Nutritionists have long known that adding fat to the diet increases growth rate in the summer. Unfortunately, in recent years, low-cost fat sources, such as choice white grease or tallow, are often used for biodiesel production during the summer, which makes the use of fat less economically competitive exactly when it is needed most. Producers should work with their nutritionist to evaluate the economics of added dietary fat. A simple fat economic calculator can be found at www.KSUswine.org.
Whenever the dietary energy level is increased, the levels of other nutrients, such as amino acids and phosphorus, also should be reviewed and increased as necessary.
4. Decrease crude protein (increased crystalline amino acids).
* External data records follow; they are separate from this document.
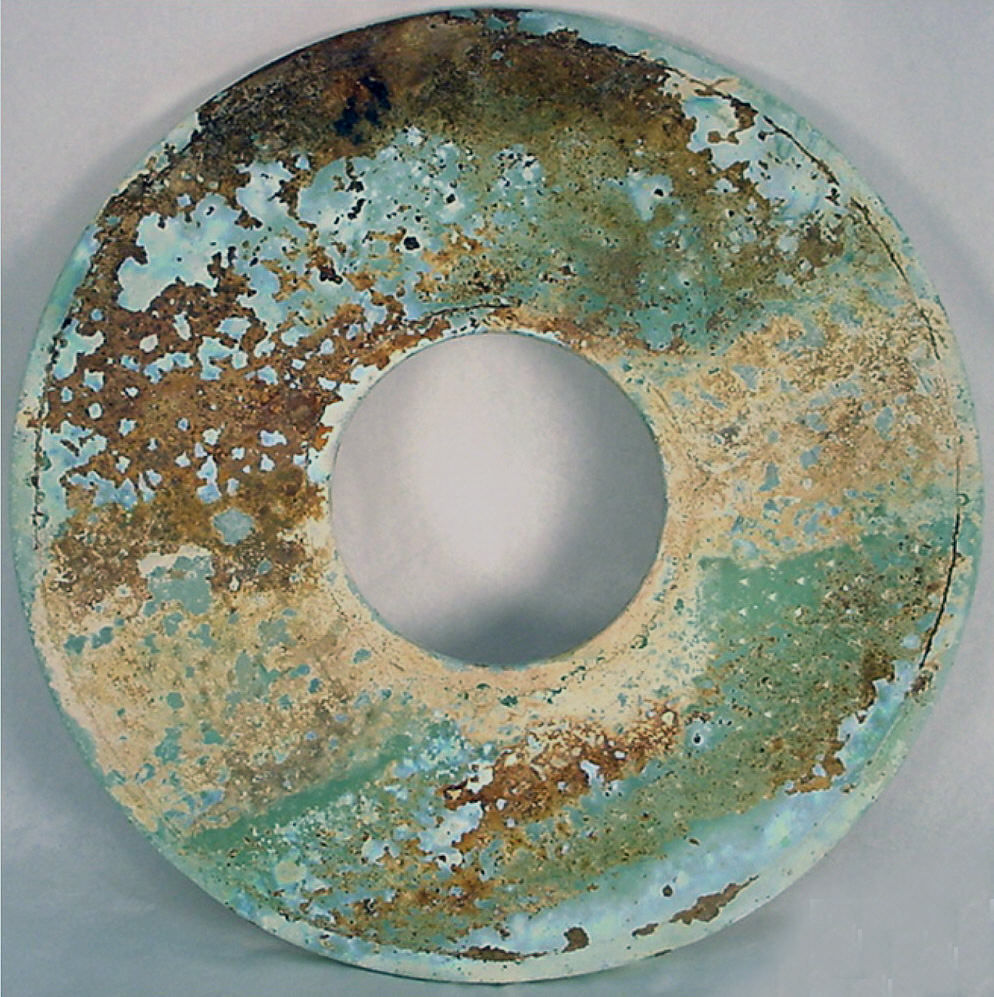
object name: disk bi
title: Disk (bi)
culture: chinese
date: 206 BCE-9 CE
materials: glass

High crude protein levels in the diet cause two main problems for the pig. First, excess amino acids must be broken down and removed from the body. Second, high crude protein content normally lowers the net energy level in a diet. Therefore, replacing crude protein with crystalline amino acids that are economical (e.g., lysine, threonine, methionine) can increase the net energy content of the diet and increase energy consumption. As L-tryptophan becomes more routinely economically viable, the crude protein level of the diet can be lowered further. The benefit of low crude protein diets can be maximized during the hot summer months.
5. Feed pelleted diets.
When high-quality pellets (less than 25% fines) are fed to finishing pigs, growth rate can be increased by 4 to 5%. Because of the higher value of growth rate for pigs marketed during summer months, it is the optimum time to capture the value of pelleted diets.
Feeding pelleted diets also increases eating speed, so pigs can achieve their desired feed intake in a shorter period of time. This is especially important when feeder access is limited.
6. Consider liquid feeding.
Although liquid feeding is not widely used in the United States, providing feed in a liquid form helps pigs maintain consumption during heat stress. Therefore, the greatest benefit of liquid feeding systems is captured during the summer months.
7. Try feed additives.
Any feed additive that increases growth rate is more valuable during the summer months than other times of the year. For example, feeding Paylean (Elanco Animal Health) during the last three to four weeks before market increases market weight by more than 6 lb./pig. When documented to improve growth rate, other feed additives, such as growth- promoting levels of copper or antibiotics, also provide their greatest economic benefit in the summer.
8. Add days on feed.
If all of the management technologies are already in use before summer arrives, few adjustments are available to further improve nutrient intake and growth performance. In these cases, increasing days on feed is the only way that market weights can be maintained during the summer. Days on feed can be increased by adjusting marketing schedules, but pig flow and barn turnover rates must also be considered. Unless additional finishing space is available, average market weights are still likely to decline.
On average, pigs need an additional seven to 10 days on feed in August to reach the same market weight as those marketed in May.